I wandered off in a daze, found myself out on deck again and sat down a little heavily on one of the seats.

My head was thudding and I felt sick.  Last night had been an unmitigated disaster. We’d sailed from Southampton nearly three weeks ago and as we’d been boarding, with all the excitement, my mother had suddenly felt unwell and while several of the crew rallied round to help, a kind late middle aged American couple offered their assistance and ever since that first day, together with mother we’ve spent nearly every evening in their company having dinner with them.

It had turned out the American couple weren’t husband and wife after all, but brother and sister, Robert and Eleanor Robbins from New York.
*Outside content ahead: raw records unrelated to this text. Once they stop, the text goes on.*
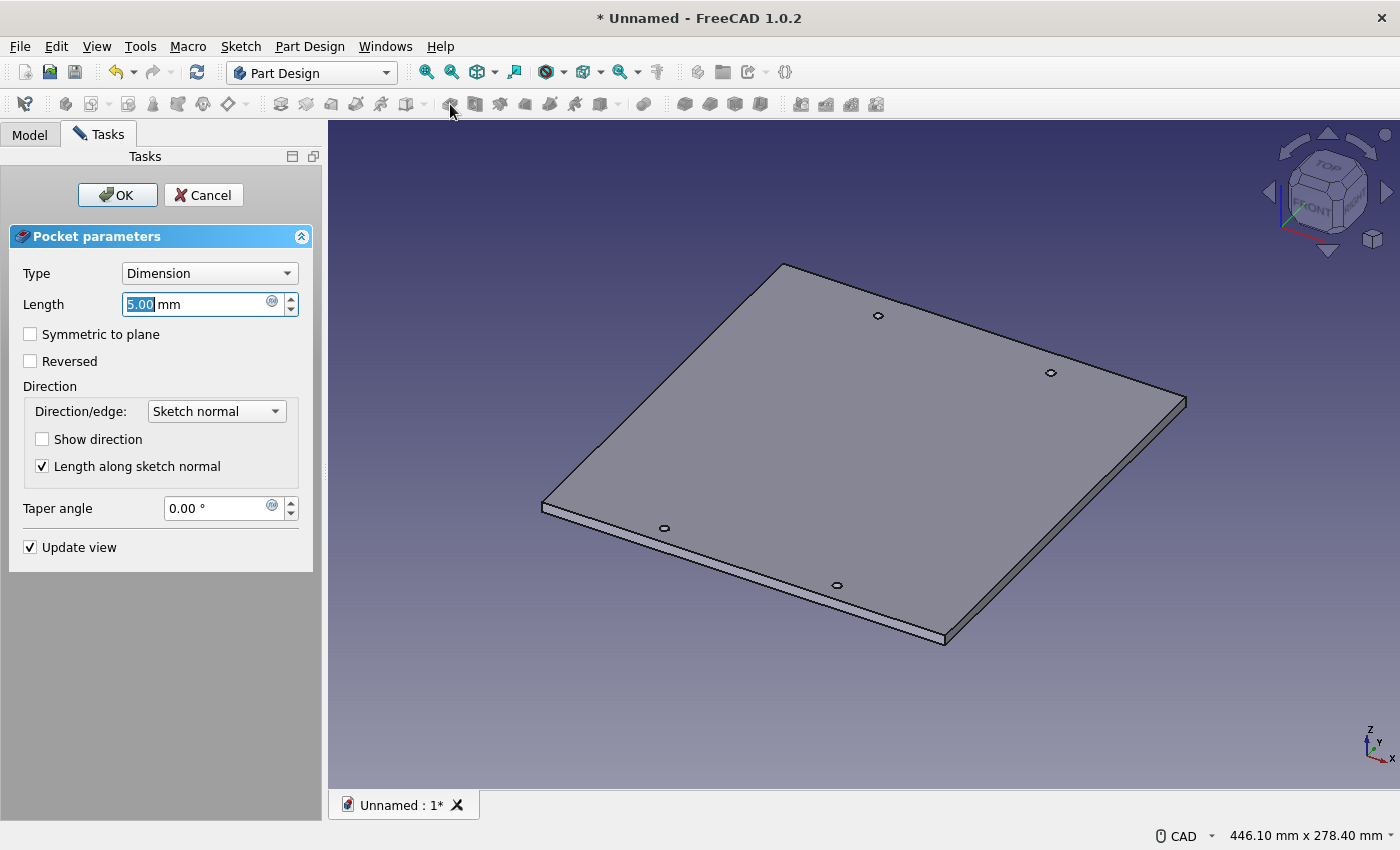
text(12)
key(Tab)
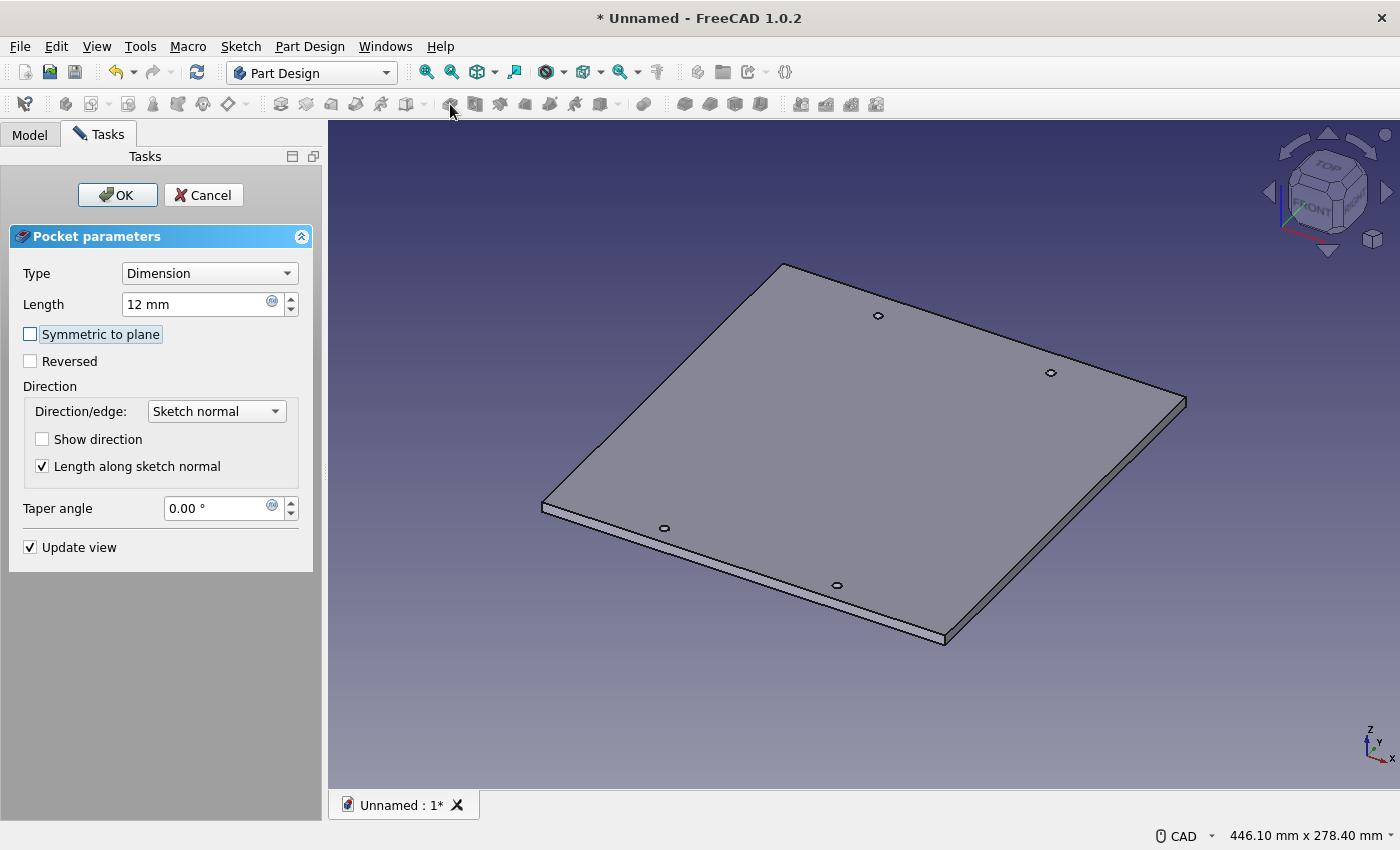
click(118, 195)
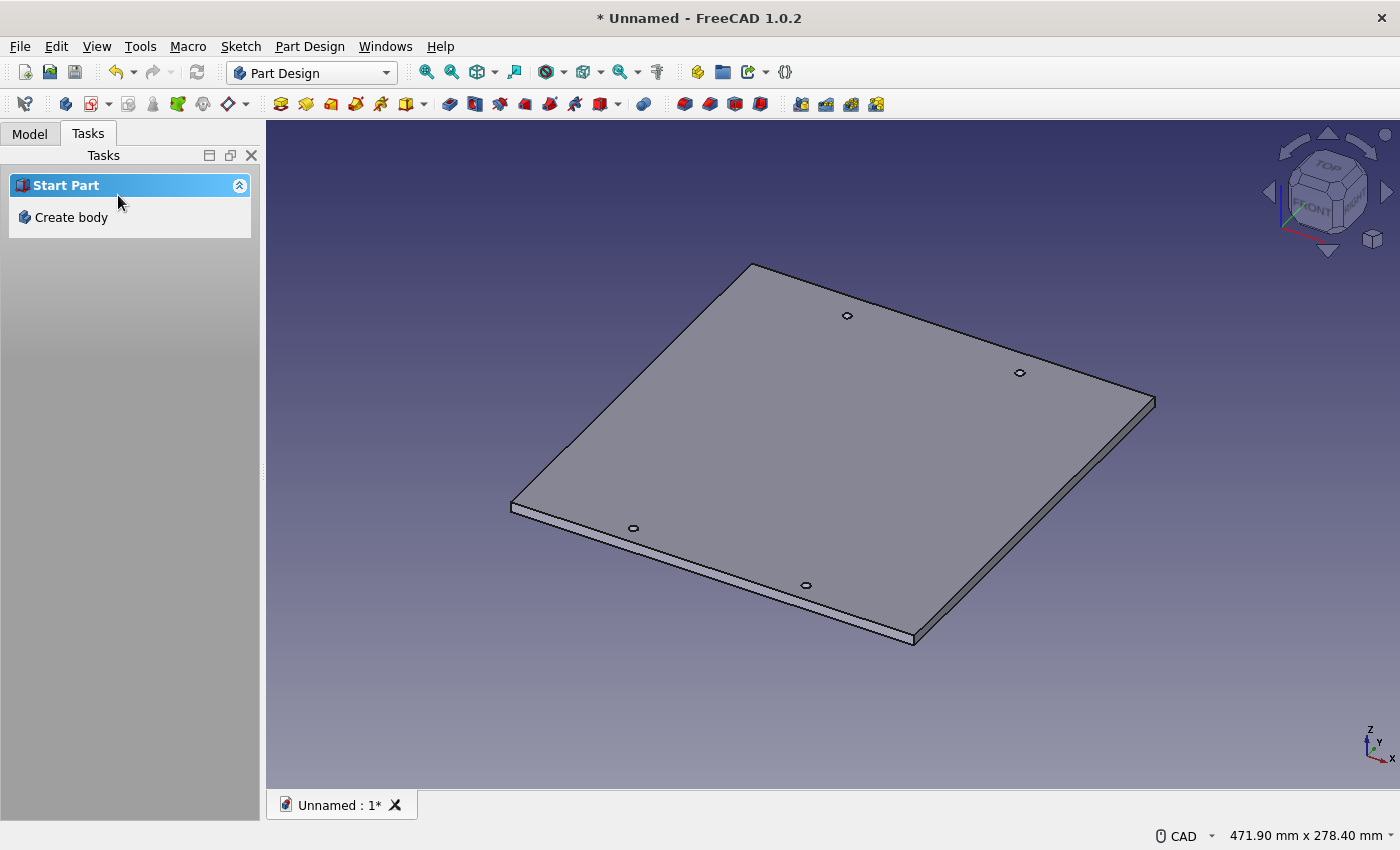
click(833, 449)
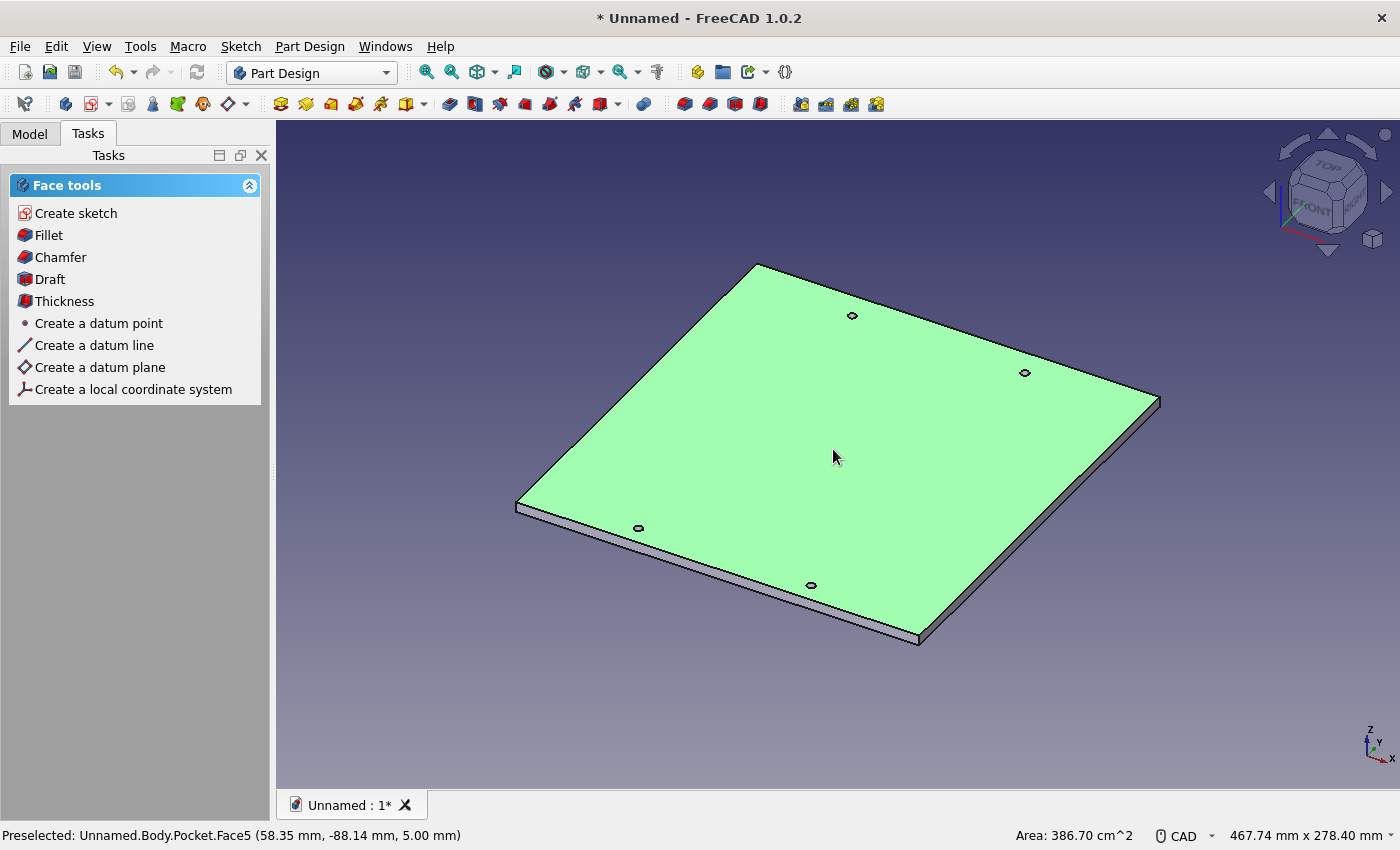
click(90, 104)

Last night I’d felt even lower than normal and at dinner not having touched a drop of alcohol for weeks in an effort to alleviate my depression I knocked it back as if it was going out of fashion.

After mother and Eleanor had retired to bed Robert and I ended up in the bar and in the small hours after several cocktails we went up on deck for some fresh air and under the moonlight as I’d shivered in the cold, he’d put his arm around me and as I’d turned towards him, he’d kissed me and I’d kissed him back.

“I want to have sex with you Laura.” And I nodded, I bloody agreed to allow him take the greatest virtue I had, my virginity, just like that, something I’d been saving for when I married Mark in a few weeks.

One thing led to another and as we wandered off, ended up in his cabin. As he turned to kiss me, again and again I kissed him back and the inevitable happened. We had sex, rampant sex and my innocence was lost forever.

Waking up well after three in the morning, stark naked, with a blinding headache, with a naked man who still had his legs wrapped uncomfortably around me, a man whom at that moment I didn’t recognize in a cabin I also didn’t recognize, it took me several difficult minutes before I could get my thoughts together and gather my senses but as the slowly came back I began piecing it together, both of us, naked, his body as it had been, wrapped around me, his limp penis not far from me. We must have….Shit.

I felt between my legs – an unmistakeable tell tale wet stickiness greeted my fingers, I took such a sharp intake of breath as I remembered it all – not only had I had rampant sex with him,  insatiably, like a woman on heat, I’d wanted more and making him excited enough he took me a second time. I still had the taste of him in my mouth and all unprotected sex at that. Shit, I must have been so drunk.

With him snoring I gathered up my things and staggered off half naked to my own cabin, getting some strange looks from a couple on my way, when eventually I found the right cabin and I’d fumbled for the key and got through the door, the cabin was spinning. I fell on the bed, cursing myself for my stupidity, mortified at what I’d done, vowing never to touch a drop of alcohol again.

Then I’d realised there was another erroneous part to this catastrophe which was going to make things even more difficult, because without a doubt I was going to have a hard time fending off further advances from Robert.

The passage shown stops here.